Predictors of syncope in patients with pulmonary embolism aged 18 years and older (uni-variate and multi-variate logistic regression models).

Parameters	PE patients aged 18 years and older (n = 293,640; 6,792 patients with syncope [2.3%])
	Univariate regression model		Multi-variate regression model
	OR (95% CI)	P-value	OR (95% CI)	P-value
Age	1.024 (1.022–1.026)	<0.001	1.020 (1.018–1.022)	<0.001
Female gender	1.142 (1.088–1.199)	<0.001	0.973 (0.925–1.022)	0.282
Obesity	1.097 (1.008–1.194)	0.032	1.138 (1.043–1.241)	0.004
VTE risk factors
Surgery during in-hospital stay	0.911 (0.868–0.956)	<0.001	0.958 (0.912–1.006)	0.088
Cancer	0.563 (0.524–0.605)	<0.001	0.587 (0.545–0.632)	<0.001
Comorbidities
Coronary artery disease	1.284 (1.202–1.372)	<0.001	1.036 (0.967–1.110)	0.318
Heart failure	1.250 (1.181–1.324)	<0.001	0.987 (0.927–1.050)	0.671
Chronic lung disease	0.888 (0.831–0.948)	<0.001	0.775 (0.725–0.828)	<0.001
Essential arterial hypertension	1.211 (1.154–1.271)	<0.001	1.021 (0.972–1.073)	0.407
Renal insufficiency	1.588 (1.504–1.676)	<0.001	1.294 (1.220–1.372)	<0.001
Diabetes mellitus	1.201 (1.132–1.275)	<0.001	1.025 (0.954–1.090)	0.433
Coagulation abnormalities	0.931 (0.847–1.022)	0.134	1.017 (0.925–1.118)	0.726
Stroke	0.794 (0.657–0.960)	0.017	0.716 (0.592–0.866)	0.001
Atrial fibrillation or flutter	1.318 (1.237–1.405)	<0.001	1.025 (0.958–1.097)	0.474
Vestibular disorder	1.948 (1.342–2.829)	<0.001	1.641 (1.128–2.389)	0.010
Carotid-sinus-syndrome	18.781 ((5.782–61.000)	<0.001	13.062 (3.816–44.707)	<0.001
Meningioma	1.422 (0.889–2.276)	0.142	1.398 (0.872–2.240)	0.164
Pneumonia	0.656 (0.615–0.700)	<0.001	0.661 (0.619–0.706)	<0.001
Sick-sinus-syndrome	5.187 (4.196–6.413)	<0.001	3.869 (3.110–4.812)	<0.001
Ventricular tachycardia caused by reentry tachycardia	3.840 (0.903–16.334)	0.069	4.037 (0.939–17.358)	0.061
Pacemaker or internal cardiac defibrillator malfunction	5.876 (3.422–10.090)	<0.001	3.425 (1.953–6.008)	<0.001
Risk stratification parameters
Tachycardia	1.963 (1.678–2.297)	<0.001	1.870 (1.594–2.194)	<0.001
Right ventricular dysfunction	1.454 (1.379–1.533)	<0.001	1.347 (1.276–1.421)	<0.001

Abbreviations: PE indicates for pulmonary embolism; VTE, venous thromboembolism.

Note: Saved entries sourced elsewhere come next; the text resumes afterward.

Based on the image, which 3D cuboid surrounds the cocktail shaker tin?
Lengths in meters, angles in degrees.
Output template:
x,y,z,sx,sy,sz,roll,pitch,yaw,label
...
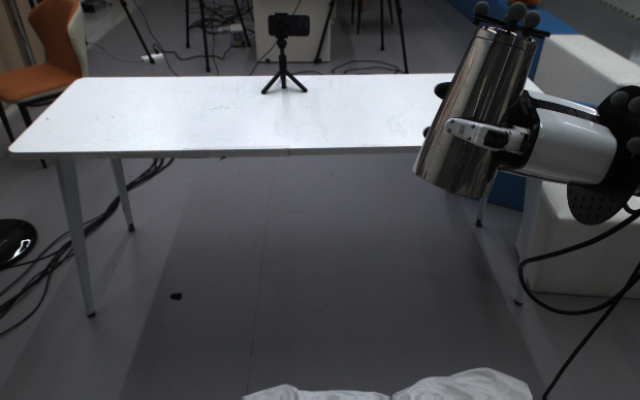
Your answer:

Remarkably, when focusing on the independent predictors for syncope mentioned above and their prevalence in the PE + syncope patients, RVD and carotid-sinus-syndrome decreased in their frequency in PE + Syncope group with growing age, whereas renal insufficiency and sick-sinus-syndrome increased in their prevalence with older age (Fig. 2). While RVD and renal insufficiency might be key factors in syncope development accompanied by high frequency, the other comorbidities such as heart-rhythm-disturbances (sick-sinus-syndrome, tachycardia and pacemaker or implantable cardioverter defibrillator malfunction), vestibular disorders and carotid-sinus-syndrome are less common in these patients. Especially, RVD with consistently a frequency of >25% in all age-groups is of outstanding importance regarding the development of syncope and renal insufficiency might have its consideration especially in older age as an contributing factor.

Figure 2

Frequency of factors associated with syncope in PE patients stratified for age-groups.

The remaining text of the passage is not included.